# What you are asked to do
Find the line that contains "Now perform the same 3D bounding box detection for every toy" in the entries below. Write out that line and all that follow it, unchanged and alone.

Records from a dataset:
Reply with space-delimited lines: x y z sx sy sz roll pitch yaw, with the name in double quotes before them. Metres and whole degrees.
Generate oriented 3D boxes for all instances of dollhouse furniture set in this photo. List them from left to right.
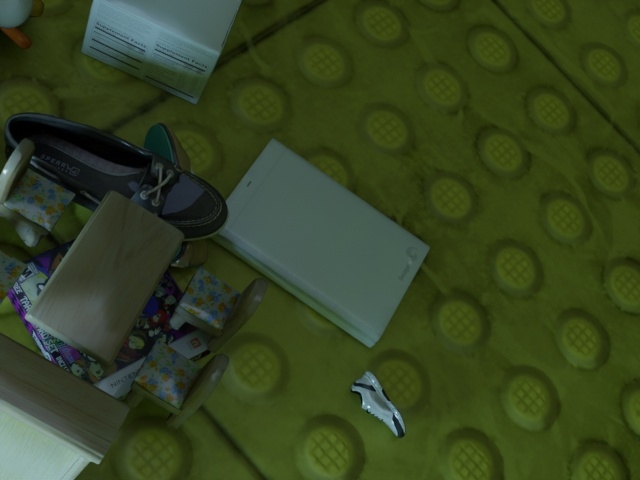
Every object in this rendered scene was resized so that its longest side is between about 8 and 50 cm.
"dollhouse furniture set" -0.279 0.090 1.189 0.362 0.256 0.394 32 51 -10

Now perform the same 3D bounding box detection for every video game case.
"video game case" -0.292 0.101 1.381 0.210 0.042 0.232 -26 77 -32

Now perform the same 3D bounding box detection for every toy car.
"toy car" -0.505 -0.331 1.465 0.182 0.159 0.136 15 97 -16

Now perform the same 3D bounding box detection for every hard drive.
"hard drive" 0.000 0.000 1.553 0.307 0.040 0.203 34 57 -3

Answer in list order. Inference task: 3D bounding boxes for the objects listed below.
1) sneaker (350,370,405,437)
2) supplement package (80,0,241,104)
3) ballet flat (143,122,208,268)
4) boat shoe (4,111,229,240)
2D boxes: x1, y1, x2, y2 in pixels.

# Expected answer
Now perform the same 3D bounding box detection for every toy car.
"toy car" -0.505 -0.331 1.465 0.182 0.159 0.136 15 97 -16

Now perform the same 3D bounding box detection for every hard drive.
"hard drive" 0.000 0.000 1.553 0.307 0.040 0.203 34 57 -3

Answer in list order. Inference task: 3D bounding boxes for the objects listed below.
1) sneaker (350,370,405,437)
2) supplement package (80,0,241,104)
3) ballet flat (143,122,208,268)
4) boat shoe (4,111,229,240)
2D boxes: x1, y1, x2, y2 in pixels.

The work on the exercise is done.